The contract will enable a significant expansion of the Company’s current portfolio of diagnostics for sepsis-causing pathogens and antibiotic-resistance genes, which are designed to improve patient outcomes and reduce the growing threat of antimicrobial resistance. This contract will fund development through U.S. Food & Drug Administration (FDA) submission of new direct-from-blood diagnostic panels that will be run on the T2Dx Instrument and the development of a next generation T2Dx Instrument:
- The first panel developed will be a direct-from-blood panel for detection of biothreat pathogens, including threats such as B. anthracis, F. tularensis, Burkholderia spp., Y. pestis, R. prowazekii, and toxin genes.
- The second panel is expected to cover 99% of all bloodborne bacterial infections by means of ?36 reported results, which include pan-Gram positive and pan-Gram negative results (detecting >250 species), in addition to the bloodborne antibiotic resistant threats identified by the Centers for Disease Control and Prevention (CDC).
- Along with the new panels, the BARDA award supports the development of a next-generation high-throughput instrument.
“By providing same-day results, T2 Biosystems’ existing technology has made a significant impact on therapy decisions, and this next generation of innovations has the potential to expand on this progress,” said Dr. Minh-Hong Nguyen, Professor of Medicine and Clinical & Translational Science Institute, University of Pittsburgh, and Director, Transplant Infectious Diseases and Antimicrobial Management Program of the University of Pittsburgh Medical Center. “With much more comprehensive coverage of the causative pathogens of bloodstream infections, this technology has the potential to rapidly and accurately diagnose and identify common bacterial causes of BSIs, and allow physicians to get patients started on appropriate therapy much sooner. It is a potential game changer for the way we practice medicine.”

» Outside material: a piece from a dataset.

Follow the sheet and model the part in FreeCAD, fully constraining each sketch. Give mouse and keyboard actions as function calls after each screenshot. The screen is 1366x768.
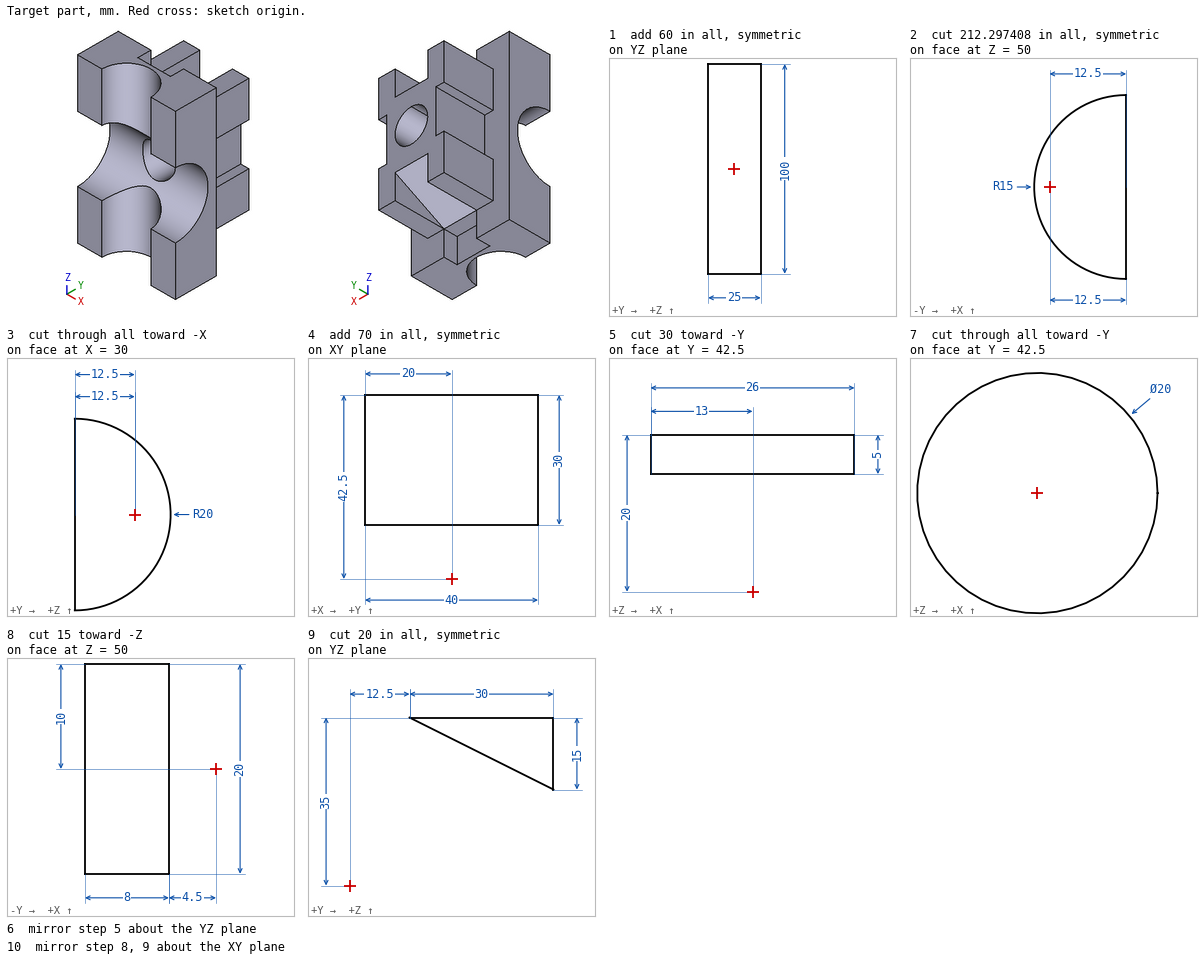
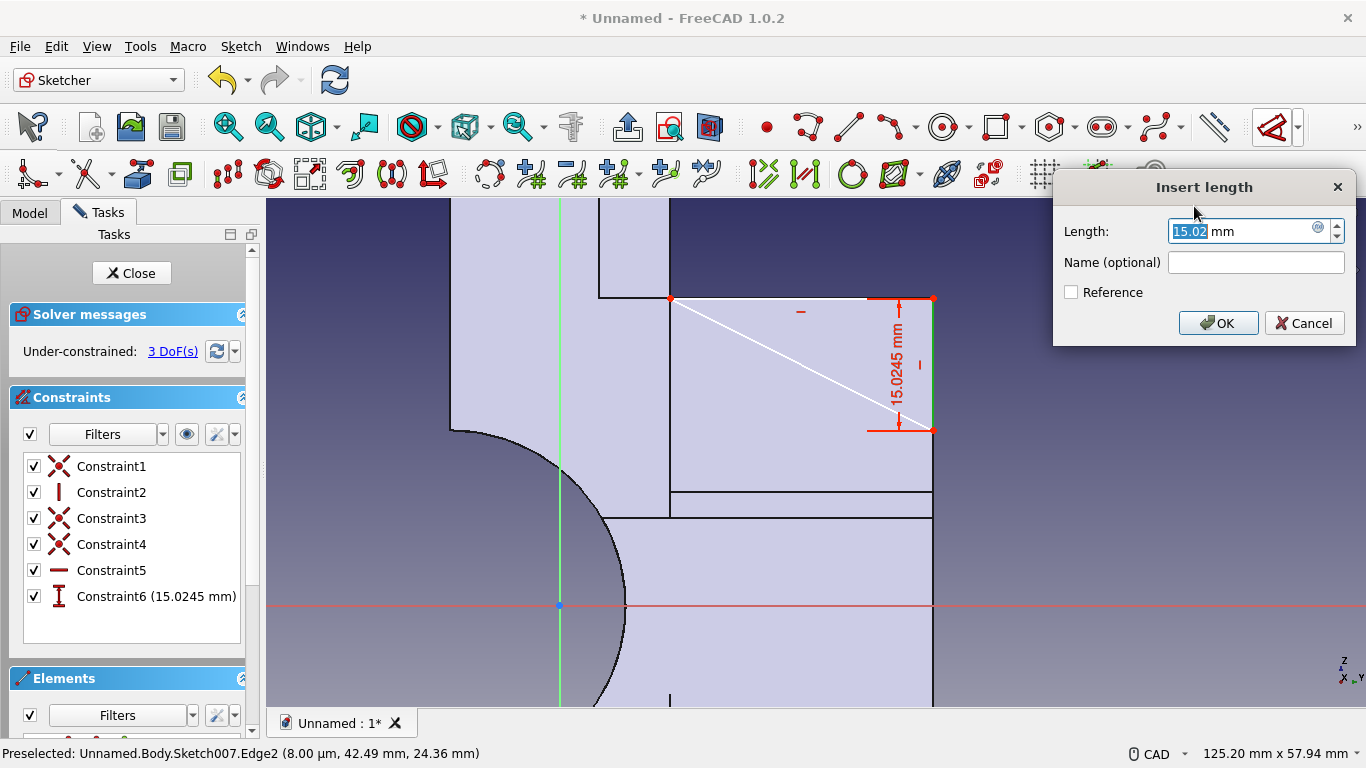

“We are incredibly grateful to BARDA for this contract, which will allow us to continue to innovate, advance our product pipeline, and look forward to our public-private partnership with BARDA,” said John McDonough, chairman and chief executive officer of T2 Biosystems. “More importantly, we are looking forward to the opportunity to develop more technology that will truly transform the way bloodstream infections are diagnosed and managed and to continue to provide new advanced tools for improved antibiotic stewardship so that we can help save more lives and provide clinicians with the information they need to help prevent sepsis.”
About T2 Biosystems
T2 Biosystems, a leader in the development and commercialization of innovative medical diagnostic products for critical unmet needs in healthcare, is dedicated to improving patient care and reducing the cost of care by helping clinicians effectively treat patients faster than ever before. T2 Biosystems’ products include the T2Dx® Instrument, T2Candida® Panel, and T2Bacteria® Panel, which was recently announced as the first and only in-vitro diagnostic test to receive approval for a New Technology Add-on Payment (NTAP) by CMS, are powered by the proprietary T2 Magnetic Resonance (T2MR®) technology. T2 Biosystems has an active pipeline of future products, including products for the detection of additional species and antibiotic resistance markers of sepsis pathogens, and tests for Lyme disease.
This project has been funded in whole or in part with Federal funds from the Department of Health and Human Services; Office of the Assistant Secretary for Preparedness and Response; Biomedical Advanced Research and Development Authority, under Contract No. 75A50119C00053.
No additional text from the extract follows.